═════ EXERCISE DATA ═════

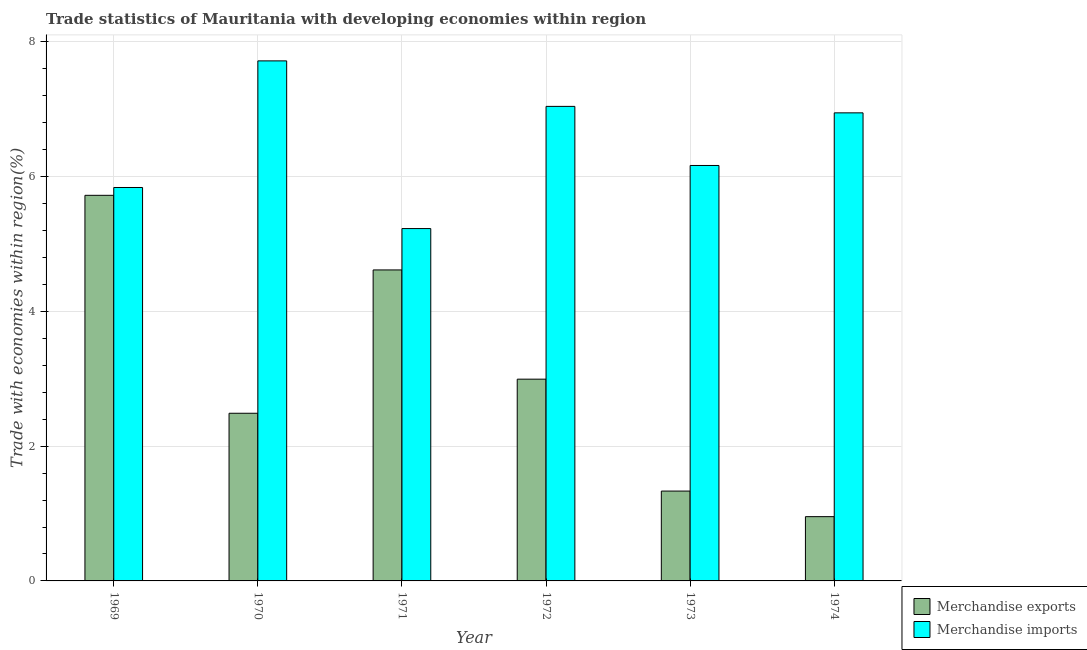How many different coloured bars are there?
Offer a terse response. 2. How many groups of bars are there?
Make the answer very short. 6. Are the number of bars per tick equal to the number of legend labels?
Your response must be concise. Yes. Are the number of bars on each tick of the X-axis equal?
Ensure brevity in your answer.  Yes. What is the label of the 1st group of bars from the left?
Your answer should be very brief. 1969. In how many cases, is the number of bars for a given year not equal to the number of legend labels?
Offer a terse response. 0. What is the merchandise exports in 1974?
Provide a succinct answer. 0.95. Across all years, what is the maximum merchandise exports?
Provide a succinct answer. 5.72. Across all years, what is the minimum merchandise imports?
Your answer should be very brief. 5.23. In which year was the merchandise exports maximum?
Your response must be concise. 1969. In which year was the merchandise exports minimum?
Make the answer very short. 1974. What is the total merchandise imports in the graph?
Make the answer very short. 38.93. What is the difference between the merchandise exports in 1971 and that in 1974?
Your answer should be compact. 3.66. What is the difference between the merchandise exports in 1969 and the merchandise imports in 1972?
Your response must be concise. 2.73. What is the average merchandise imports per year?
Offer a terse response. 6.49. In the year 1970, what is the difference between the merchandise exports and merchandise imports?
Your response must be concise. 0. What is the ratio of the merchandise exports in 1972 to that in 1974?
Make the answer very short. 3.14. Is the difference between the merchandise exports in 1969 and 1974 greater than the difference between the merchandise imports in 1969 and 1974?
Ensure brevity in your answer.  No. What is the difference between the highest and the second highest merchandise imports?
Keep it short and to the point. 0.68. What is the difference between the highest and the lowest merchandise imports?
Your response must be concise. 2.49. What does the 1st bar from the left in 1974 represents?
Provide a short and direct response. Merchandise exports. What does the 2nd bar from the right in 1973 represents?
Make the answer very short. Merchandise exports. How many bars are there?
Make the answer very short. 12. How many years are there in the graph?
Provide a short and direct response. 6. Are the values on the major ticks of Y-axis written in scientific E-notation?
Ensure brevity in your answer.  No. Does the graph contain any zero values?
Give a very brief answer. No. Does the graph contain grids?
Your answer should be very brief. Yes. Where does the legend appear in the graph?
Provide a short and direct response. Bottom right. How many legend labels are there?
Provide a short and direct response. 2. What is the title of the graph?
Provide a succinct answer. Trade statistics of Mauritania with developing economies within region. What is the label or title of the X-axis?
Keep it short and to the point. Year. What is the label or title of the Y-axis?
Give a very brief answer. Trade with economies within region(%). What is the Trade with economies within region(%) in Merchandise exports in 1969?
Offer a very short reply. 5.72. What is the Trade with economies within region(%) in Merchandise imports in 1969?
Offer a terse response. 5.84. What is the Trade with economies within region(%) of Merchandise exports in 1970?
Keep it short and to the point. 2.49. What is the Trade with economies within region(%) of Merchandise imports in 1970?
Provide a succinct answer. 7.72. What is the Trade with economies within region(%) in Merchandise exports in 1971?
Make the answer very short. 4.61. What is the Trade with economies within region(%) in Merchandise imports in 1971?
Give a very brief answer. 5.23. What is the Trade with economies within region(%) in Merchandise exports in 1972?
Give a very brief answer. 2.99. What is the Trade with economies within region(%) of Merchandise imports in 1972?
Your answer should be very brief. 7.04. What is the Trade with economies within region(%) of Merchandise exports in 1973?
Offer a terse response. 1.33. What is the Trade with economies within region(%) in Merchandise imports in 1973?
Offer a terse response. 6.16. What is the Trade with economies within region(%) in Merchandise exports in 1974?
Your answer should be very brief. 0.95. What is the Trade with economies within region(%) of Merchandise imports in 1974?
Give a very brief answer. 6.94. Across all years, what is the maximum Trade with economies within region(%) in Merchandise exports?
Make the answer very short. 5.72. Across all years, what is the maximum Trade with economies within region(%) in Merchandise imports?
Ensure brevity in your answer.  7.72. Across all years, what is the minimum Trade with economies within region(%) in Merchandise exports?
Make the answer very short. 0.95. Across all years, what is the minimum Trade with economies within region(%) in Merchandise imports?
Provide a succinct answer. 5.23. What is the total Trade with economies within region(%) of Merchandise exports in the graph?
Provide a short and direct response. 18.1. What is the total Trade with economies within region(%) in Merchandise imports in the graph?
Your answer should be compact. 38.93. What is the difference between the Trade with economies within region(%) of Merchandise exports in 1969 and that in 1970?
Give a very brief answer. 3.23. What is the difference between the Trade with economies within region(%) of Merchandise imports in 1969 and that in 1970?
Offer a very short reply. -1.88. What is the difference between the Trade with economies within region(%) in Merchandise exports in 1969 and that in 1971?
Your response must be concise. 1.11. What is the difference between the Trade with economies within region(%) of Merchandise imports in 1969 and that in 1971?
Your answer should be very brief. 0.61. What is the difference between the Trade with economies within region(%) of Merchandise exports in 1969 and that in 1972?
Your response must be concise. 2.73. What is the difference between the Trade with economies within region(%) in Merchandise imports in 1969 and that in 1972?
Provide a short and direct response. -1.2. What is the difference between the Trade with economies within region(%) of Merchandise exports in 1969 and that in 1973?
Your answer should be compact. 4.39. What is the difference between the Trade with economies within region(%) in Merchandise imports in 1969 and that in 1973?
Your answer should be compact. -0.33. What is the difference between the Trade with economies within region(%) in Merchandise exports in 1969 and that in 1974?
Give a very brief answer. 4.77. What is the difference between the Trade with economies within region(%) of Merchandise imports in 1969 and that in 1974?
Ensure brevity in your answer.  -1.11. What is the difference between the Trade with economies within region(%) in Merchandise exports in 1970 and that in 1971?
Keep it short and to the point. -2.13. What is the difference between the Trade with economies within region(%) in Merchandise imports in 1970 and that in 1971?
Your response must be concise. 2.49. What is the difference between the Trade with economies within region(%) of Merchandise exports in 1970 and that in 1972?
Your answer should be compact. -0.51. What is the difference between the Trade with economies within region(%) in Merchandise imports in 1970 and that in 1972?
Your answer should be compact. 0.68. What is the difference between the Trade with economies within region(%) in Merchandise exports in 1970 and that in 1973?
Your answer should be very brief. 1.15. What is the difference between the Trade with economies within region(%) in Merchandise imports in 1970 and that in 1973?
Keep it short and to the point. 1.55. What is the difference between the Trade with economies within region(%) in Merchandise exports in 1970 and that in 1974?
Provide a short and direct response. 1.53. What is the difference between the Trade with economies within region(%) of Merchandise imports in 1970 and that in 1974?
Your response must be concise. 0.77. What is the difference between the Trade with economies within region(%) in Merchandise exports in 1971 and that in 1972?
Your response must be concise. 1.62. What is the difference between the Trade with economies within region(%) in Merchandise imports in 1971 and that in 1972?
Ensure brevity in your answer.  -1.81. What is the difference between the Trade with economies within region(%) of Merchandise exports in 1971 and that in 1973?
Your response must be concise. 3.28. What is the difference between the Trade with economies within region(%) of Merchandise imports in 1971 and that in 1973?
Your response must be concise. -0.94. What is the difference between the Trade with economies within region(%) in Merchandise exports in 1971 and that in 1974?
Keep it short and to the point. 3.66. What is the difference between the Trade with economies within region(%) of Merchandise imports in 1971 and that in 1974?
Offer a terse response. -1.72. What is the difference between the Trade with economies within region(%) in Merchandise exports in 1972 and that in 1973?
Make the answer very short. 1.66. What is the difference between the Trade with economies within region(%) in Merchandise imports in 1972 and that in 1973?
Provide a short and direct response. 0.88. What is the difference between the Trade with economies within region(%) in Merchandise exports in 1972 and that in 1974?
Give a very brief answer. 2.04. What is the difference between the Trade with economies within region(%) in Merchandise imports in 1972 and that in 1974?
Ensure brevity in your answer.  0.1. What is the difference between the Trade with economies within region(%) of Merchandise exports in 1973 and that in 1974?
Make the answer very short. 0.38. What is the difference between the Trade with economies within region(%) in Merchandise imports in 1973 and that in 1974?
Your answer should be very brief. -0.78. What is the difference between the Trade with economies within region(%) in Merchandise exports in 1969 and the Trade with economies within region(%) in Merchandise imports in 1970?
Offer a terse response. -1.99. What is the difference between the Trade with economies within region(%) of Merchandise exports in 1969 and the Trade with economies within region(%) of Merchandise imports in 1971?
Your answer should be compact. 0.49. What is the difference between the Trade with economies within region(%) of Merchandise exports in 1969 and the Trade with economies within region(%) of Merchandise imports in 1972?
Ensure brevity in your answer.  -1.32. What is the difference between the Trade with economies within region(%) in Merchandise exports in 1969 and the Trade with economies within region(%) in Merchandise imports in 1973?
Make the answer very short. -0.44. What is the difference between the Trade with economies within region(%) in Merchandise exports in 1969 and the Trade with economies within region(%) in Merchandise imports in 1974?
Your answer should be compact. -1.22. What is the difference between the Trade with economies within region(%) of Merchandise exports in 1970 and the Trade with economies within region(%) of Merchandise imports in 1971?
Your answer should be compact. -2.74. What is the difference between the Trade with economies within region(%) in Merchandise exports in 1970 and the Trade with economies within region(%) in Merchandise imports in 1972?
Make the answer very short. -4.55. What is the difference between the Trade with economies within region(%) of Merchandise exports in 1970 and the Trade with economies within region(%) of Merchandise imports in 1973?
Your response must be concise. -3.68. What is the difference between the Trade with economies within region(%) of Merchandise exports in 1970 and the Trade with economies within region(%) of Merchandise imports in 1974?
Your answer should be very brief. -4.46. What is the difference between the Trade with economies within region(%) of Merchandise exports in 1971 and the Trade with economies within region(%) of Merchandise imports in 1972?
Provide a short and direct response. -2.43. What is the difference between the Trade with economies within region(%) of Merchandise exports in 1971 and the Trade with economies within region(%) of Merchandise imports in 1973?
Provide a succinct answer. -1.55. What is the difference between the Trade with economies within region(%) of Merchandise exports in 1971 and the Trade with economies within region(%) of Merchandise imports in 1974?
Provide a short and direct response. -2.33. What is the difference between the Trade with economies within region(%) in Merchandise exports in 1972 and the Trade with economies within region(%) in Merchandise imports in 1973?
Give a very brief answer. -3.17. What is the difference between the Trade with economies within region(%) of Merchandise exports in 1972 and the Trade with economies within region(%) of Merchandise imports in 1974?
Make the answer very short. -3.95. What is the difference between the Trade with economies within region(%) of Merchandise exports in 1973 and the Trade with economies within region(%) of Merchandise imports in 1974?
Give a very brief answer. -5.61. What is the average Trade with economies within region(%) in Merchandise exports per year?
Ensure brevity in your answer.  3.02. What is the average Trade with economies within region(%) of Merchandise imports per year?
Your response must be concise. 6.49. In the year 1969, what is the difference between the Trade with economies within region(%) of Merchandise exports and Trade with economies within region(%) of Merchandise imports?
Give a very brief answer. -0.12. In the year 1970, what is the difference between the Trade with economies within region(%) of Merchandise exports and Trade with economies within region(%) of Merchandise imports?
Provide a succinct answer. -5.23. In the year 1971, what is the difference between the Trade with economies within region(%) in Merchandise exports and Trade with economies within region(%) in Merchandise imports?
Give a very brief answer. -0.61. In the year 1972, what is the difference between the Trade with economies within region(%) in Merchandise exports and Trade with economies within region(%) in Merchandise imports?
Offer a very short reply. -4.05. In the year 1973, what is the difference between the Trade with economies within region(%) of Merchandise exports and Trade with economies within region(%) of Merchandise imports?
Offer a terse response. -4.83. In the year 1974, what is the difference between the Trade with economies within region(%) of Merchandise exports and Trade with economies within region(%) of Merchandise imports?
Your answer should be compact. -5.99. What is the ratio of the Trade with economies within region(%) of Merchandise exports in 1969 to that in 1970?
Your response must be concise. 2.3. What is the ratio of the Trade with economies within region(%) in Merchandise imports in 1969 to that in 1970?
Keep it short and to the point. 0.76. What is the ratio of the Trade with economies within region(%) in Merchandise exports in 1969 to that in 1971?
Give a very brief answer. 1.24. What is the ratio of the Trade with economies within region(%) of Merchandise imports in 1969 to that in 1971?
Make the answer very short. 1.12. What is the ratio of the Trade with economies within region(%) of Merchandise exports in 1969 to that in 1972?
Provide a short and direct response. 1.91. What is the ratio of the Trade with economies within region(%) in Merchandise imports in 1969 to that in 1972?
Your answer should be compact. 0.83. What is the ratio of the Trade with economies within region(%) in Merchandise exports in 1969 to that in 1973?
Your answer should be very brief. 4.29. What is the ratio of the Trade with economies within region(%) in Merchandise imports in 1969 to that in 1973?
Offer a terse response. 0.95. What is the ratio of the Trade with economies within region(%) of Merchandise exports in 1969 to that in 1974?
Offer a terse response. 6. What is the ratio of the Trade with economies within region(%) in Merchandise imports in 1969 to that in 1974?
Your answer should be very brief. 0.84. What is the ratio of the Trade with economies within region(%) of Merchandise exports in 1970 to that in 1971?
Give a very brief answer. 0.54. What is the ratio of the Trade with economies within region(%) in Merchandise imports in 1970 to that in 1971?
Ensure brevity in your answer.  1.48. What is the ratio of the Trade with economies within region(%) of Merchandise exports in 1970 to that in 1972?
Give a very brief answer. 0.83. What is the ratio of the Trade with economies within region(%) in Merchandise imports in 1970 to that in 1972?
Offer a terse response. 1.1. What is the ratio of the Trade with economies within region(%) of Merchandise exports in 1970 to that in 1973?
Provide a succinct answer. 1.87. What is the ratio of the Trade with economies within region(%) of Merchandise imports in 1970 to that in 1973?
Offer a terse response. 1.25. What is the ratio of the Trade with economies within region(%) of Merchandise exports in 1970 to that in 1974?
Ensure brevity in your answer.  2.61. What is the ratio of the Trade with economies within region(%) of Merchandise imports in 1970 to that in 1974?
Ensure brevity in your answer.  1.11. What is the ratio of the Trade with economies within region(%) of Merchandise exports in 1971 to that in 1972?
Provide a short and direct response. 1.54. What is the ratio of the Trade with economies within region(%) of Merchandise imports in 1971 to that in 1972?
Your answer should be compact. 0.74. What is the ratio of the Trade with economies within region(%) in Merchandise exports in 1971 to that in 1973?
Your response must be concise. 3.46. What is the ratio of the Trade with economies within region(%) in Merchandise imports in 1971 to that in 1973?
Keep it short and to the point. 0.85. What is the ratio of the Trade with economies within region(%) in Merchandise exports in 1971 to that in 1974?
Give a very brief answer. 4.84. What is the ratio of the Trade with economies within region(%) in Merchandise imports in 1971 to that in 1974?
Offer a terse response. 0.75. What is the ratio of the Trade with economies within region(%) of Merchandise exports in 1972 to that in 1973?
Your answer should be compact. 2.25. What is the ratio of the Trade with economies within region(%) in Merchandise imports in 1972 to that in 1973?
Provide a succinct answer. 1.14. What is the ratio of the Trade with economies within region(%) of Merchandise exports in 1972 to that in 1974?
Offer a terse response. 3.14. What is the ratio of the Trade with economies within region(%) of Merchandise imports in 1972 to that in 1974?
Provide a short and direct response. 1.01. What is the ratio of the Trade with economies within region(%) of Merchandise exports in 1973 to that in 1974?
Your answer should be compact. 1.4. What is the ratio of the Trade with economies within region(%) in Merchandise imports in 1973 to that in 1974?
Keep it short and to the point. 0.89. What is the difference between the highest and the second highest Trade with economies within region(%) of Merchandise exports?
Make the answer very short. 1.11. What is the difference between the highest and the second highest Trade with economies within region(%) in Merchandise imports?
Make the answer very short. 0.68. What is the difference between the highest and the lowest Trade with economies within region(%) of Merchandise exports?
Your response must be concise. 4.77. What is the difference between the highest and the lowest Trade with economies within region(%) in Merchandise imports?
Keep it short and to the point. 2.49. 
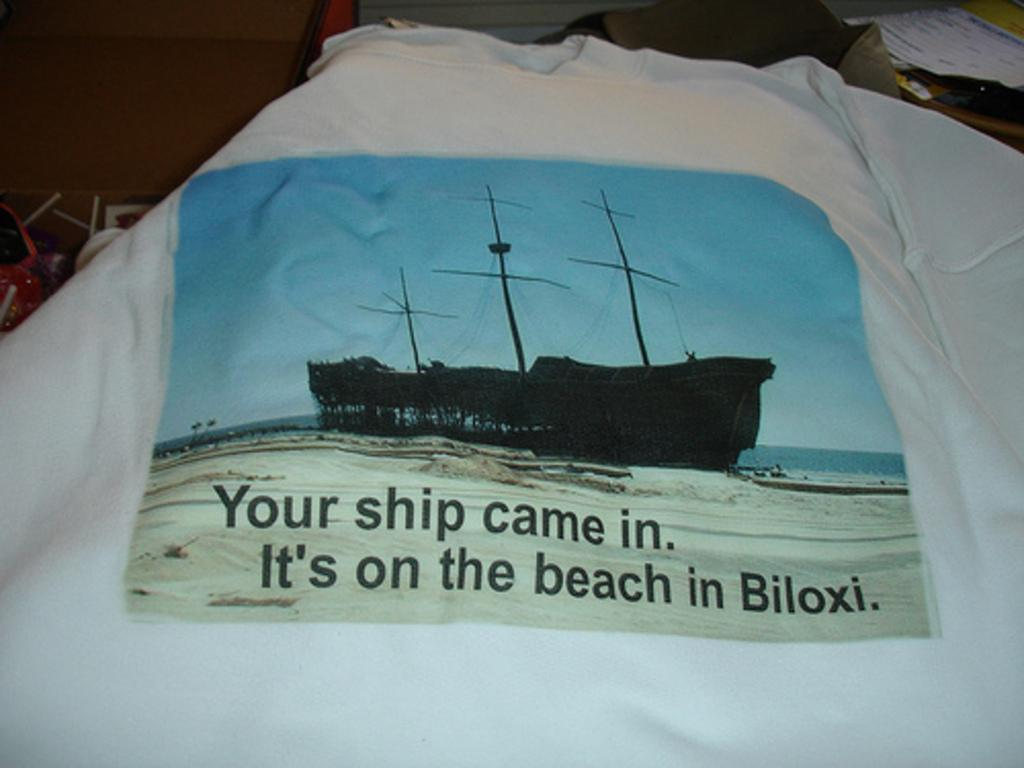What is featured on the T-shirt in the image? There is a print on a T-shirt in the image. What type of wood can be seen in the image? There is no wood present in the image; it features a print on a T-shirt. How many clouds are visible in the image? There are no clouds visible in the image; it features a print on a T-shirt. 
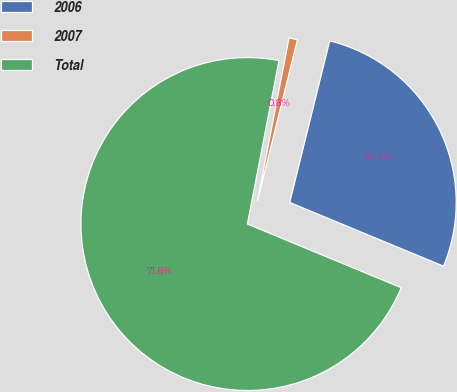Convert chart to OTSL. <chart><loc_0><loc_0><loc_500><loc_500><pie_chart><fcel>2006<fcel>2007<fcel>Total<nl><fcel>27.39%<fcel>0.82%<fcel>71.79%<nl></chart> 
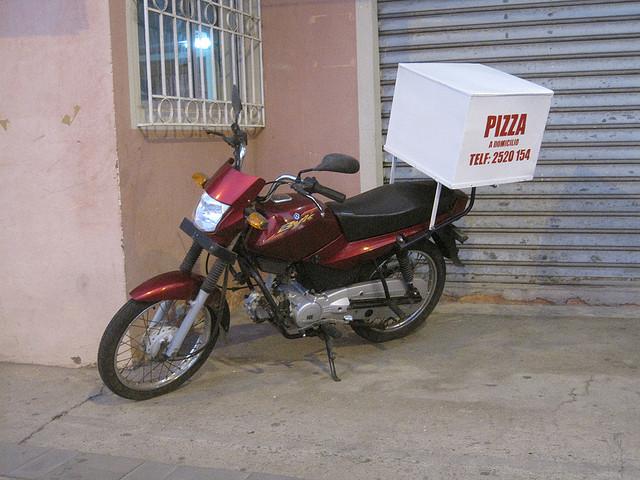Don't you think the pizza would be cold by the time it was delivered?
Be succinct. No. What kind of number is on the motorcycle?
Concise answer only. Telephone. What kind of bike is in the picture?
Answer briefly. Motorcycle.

═════

EXERCISE GOAL:
Could you reproduce exactly the lines of the entries above, from the one with "Give a very brief answer. 2.99." through the one with "Your response must be concise. 1.11.", and nothing else?

TASK RESULT:
Give a very brief answer. 2.99. What is the Trade with economies within region(%) of Merchandise imports in 1972?
Your answer should be very brief. 7.04. What is the Trade with economies within region(%) of Merchandise exports in 1973?
Offer a terse response. 1.33. What is the Trade with economies within region(%) in Merchandise imports in 1973?
Offer a terse response. 6.16. What is the Trade with economies within region(%) in Merchandise exports in 1974?
Your answer should be very brief. 0.95. What is the Trade with economies within region(%) of Merchandise imports in 1974?
Give a very brief answer. 6.94. Across all years, what is the maximum Trade with economies within region(%) in Merchandise exports?
Make the answer very short. 5.72. Across all years, what is the maximum Trade with economies within region(%) in Merchandise imports?
Ensure brevity in your answer.  7.72. Across all years, what is the minimum Trade with economies within region(%) in Merchandise exports?
Make the answer very short. 0.95. Across all years, what is the minimum Trade with economies within region(%) in Merchandise imports?
Provide a succinct answer. 5.23. What is the total Trade with economies within region(%) of Merchandise exports in the graph?
Provide a short and direct response. 18.1. What is the total Trade with economies within region(%) in Merchandise imports in the graph?
Your answer should be compact. 38.93. What is the difference between the Trade with economies within region(%) of Merchandise exports in 1969 and that in 1970?
Give a very brief answer. 3.23. What is the difference between the Trade with economies within region(%) of Merchandise imports in 1969 and that in 1970?
Offer a very short reply. -1.88. What is the difference between the Trade with economies within region(%) in Merchandise exports in 1969 and that in 1971?
Your response must be concise. 1.11. What is the difference between the Trade with economies within region(%) of Merchandise imports in 1969 and that in 1971?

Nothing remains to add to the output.